Translated by Huda Fakhreddine

-Give me a cigarette  *There you go. -Who are you? *A poet. -Why do you sit in the garden? *I’m waiting for poetry. -It doesn’t live here. *Do you know where? -The dumpster.  *How? -When two hungry people find one whole apple that has slipped from under a happy family’s teeth.  *Do they eat it together? -There were going to split it but suddenly a blade gleamed from the same house and ended the conflict  in favor of one mouth.  *Does it live anywhere else? -The slaughterhouse. When the arm of a saint tumbles  and wraps around a whore in a sincere reconciliation that comes too late. *Are you a poet? -I was. *Not anymore? -It lured me and then abandoned me.  *Why do you sit in the garden? -To advise the children. *What do you say to them? -Beware of it. It sometimes hides in candy. *And to young poets? -You still have a chance to escape. It will turn you into dogs panting in its footsteps. Write novels instead. 

*

Zaynab

By Emad Abu Saleh

Translated by Huda Fakhreddine

My mother tells me: “If I die, Don’t bury me at night.”   I’ve gotten used to her terrorizing me since I was a child. In the morning she tells me: “I will die in the evening.” In the evening, she tells me: “Tomorrow, I die.”   This Zaynab,  for those who don’t know,  is a room of tears,  a sack of pain, a store of darkness,  a box of sorrows.   If only she’d die,  and have mercy on me If only I’d die, and she’d have mercy on me.   But why does she  keep asking me to bury her in daylight?   Does she plan to raise chicken in her grave? Will she plant a tree in it? Does she think the sun will  shine for her there?   What does she want with light, anyway, after she has become completely blind, after the flies of time have eaten away the honey of her eyes?   If I weren’t certain that she can’t even  write her name, I’d think that she’d read Lorca.   He too used to say: “If I die, leave the balcony open.”   (He was Asleep when the Revolution Came, 2015)

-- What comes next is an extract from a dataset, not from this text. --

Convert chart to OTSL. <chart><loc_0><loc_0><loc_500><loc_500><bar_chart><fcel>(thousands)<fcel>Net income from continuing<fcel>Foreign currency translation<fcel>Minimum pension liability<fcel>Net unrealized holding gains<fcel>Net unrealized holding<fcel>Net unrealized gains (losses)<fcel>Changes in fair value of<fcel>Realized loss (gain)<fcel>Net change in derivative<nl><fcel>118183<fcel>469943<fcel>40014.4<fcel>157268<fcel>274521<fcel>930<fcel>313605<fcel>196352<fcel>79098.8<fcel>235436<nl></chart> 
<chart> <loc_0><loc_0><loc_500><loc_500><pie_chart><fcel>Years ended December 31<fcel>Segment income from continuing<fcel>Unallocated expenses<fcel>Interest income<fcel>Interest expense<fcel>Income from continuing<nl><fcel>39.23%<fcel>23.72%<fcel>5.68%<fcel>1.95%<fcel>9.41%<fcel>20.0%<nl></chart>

Emad Abu Saleh’s (b. 1967) first poetry collection Matters Already Decided was published in 1995. His poetic career has thus far been unusual, idiosyncratic, and punctuated by periods of self-imposed silence. His self-publish works are only privately circulated, even after he has established himself as one of the prominent prose poets of his generation. For more see “Poets of the nineties: poetry against poetry.”

Huda Fakhreddine is Associate professor of Arabic literature at the University of Pennsylvania. Her book The Arabic Prose Poem: Poetic Theory and Practice is forthcoming from Edinburgh University Press in March 2021.